The Assay of 2’ Deoxyuridine-3’-Monophosphate (dUMP) by 3’ Phosphorylation and Two Dimensional Thin Layer Chromatography: A Potential Radiation Marker of DNA Damage

Abstract

Deoxyuridine is a stable pyrimidine adduct in DNA, and can be detected via 32P labeling cold DNA. Deoxyuridine (dU; monophosphate - MP) forms by the deamination of deoxycytidine, remains in DNA via deficient uracil glycosylase excision repair, or diminished scavenging by thymidylate synthetase, dUTPase and/or dihydropyrimidine dehydrogenase activities. The assessment of dUMP adduct formation and normal base composition is carried out by “shot-gun” 5′-phosphorylation of representative deoxyribonucleotides with all four standard 32p.alpha- triphosphates (dNMP’s as monophosphate) through nick translation. Subsequent 3′-monophosphate digest (micrococcal nuclease and spleen phosphodiesterase) “sister exchanges” a radioactive 32PO4= to the nearest neighbor cold nucleotide.
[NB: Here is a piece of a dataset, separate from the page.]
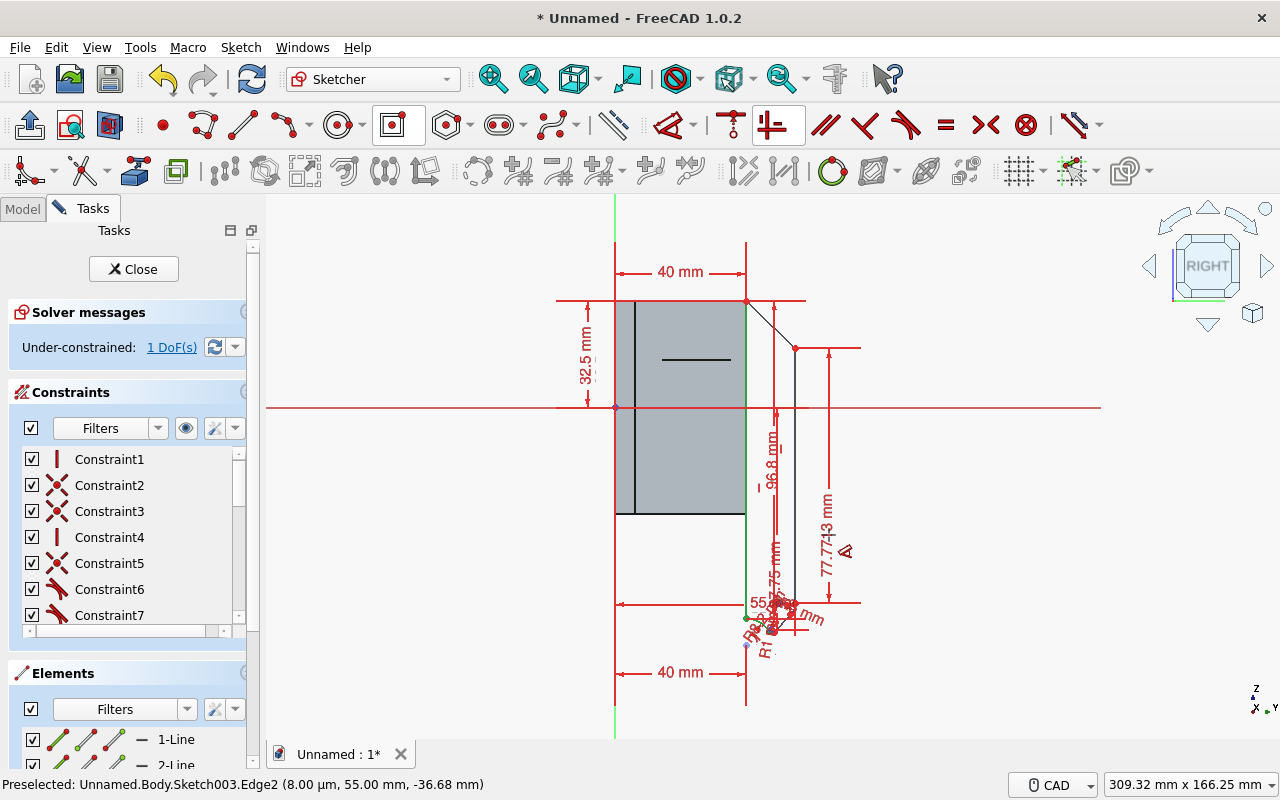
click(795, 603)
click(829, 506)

Separation in two dimensional PEI-cellulose is carried out in acetic acid (1.0 M., pH 3.5 with NH4OH), and 5.6M (NH4)2SO4, 0.12M Na2EDTA, 0.035M (NH4)HS04 to pH 4. The technique was applied to human placental DNA, control and altered calf thymus DNA with cold stoichiometric replacement of dUMP; and adult Drosophila DNA, which lacks dUTPase and is deficient in uracil glycosylase, is heavily methylated, and surprisingly is devoid of dUMP. Scintillation detection of dUMP is more sensitive than densitometry, but densitometry more accurately measures adducts close to other dNMP’s. dUMP’s ubiquity in DNA is not completely explained by chemical deamination, since this forms slowly in vitro. Nor does enzymatic defense completely preclude dUMP’s presence. This technique easily and quickly quantifies the low molecular weight adduct dUMP in DNA both in vivo and in vitro.